> Exercise requirements:
Which lines in the records below hold the word "Numbers"? Copy each of them.

> Material shown:
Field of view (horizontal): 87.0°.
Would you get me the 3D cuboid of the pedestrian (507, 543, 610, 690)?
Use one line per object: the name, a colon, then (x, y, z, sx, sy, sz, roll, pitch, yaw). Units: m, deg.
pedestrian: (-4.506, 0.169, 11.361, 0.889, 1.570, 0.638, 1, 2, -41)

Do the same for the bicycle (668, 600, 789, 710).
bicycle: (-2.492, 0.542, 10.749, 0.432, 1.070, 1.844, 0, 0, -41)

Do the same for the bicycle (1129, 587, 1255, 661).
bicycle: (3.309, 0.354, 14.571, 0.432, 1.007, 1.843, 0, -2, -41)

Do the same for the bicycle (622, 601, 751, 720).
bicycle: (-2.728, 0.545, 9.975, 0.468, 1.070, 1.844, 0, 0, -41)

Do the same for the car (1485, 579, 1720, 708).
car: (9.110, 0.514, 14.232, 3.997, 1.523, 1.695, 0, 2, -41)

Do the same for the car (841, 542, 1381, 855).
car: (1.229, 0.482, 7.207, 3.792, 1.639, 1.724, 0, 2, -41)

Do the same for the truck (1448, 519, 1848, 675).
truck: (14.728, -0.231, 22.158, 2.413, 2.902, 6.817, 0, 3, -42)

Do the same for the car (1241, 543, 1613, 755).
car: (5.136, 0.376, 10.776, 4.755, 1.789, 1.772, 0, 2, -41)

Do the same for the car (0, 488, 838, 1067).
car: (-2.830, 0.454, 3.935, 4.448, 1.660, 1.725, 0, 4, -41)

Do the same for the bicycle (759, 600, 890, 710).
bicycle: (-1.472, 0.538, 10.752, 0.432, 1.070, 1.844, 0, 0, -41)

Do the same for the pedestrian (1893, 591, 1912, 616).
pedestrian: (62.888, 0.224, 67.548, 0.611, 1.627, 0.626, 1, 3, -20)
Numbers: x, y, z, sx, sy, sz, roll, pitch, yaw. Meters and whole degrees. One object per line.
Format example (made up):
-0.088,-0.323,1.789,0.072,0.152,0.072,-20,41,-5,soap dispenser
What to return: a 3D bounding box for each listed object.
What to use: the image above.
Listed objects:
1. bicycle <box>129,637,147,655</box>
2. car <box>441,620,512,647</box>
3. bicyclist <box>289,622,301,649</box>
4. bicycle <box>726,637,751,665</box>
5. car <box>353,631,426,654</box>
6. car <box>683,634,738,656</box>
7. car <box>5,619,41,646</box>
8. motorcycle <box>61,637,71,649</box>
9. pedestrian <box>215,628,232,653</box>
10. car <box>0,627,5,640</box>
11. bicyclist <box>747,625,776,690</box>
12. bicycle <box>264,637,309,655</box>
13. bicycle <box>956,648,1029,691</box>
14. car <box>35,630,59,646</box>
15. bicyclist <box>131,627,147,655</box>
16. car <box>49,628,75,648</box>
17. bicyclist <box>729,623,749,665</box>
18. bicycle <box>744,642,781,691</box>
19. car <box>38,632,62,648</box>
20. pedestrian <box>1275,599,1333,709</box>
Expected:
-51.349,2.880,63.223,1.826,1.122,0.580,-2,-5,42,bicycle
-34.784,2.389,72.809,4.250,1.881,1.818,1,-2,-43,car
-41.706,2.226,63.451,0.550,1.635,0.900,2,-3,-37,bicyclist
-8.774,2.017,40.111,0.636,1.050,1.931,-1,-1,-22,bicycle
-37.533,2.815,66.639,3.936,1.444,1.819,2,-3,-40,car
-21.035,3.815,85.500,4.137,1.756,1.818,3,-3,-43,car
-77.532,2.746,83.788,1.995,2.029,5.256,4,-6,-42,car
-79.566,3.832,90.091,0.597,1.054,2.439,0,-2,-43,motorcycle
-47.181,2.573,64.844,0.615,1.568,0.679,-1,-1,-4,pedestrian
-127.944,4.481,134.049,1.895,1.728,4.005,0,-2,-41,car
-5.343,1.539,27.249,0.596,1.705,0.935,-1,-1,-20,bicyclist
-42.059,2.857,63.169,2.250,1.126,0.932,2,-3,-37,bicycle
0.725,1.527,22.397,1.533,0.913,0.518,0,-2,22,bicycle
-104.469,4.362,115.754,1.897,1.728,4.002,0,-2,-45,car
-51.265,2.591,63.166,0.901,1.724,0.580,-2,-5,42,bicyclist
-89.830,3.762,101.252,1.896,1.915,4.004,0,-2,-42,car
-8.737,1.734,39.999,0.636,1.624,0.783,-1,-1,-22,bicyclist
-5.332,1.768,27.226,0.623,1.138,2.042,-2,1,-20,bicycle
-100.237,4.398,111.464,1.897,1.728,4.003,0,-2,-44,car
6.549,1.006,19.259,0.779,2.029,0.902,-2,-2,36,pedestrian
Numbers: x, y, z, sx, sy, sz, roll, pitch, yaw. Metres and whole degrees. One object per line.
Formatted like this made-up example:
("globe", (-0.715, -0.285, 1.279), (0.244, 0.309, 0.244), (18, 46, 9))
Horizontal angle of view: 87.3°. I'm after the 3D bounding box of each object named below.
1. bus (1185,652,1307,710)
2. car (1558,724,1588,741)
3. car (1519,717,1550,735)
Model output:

> Exercise response:
Numbers: x, y, z, sx, sy, sz, roll, pitch, yaw. Meters and whole degrees. One object per line.
Numbers: x, y, z, sx, sy, sz, roll, pitch, yaw. Metres and whole degrees. One object per line.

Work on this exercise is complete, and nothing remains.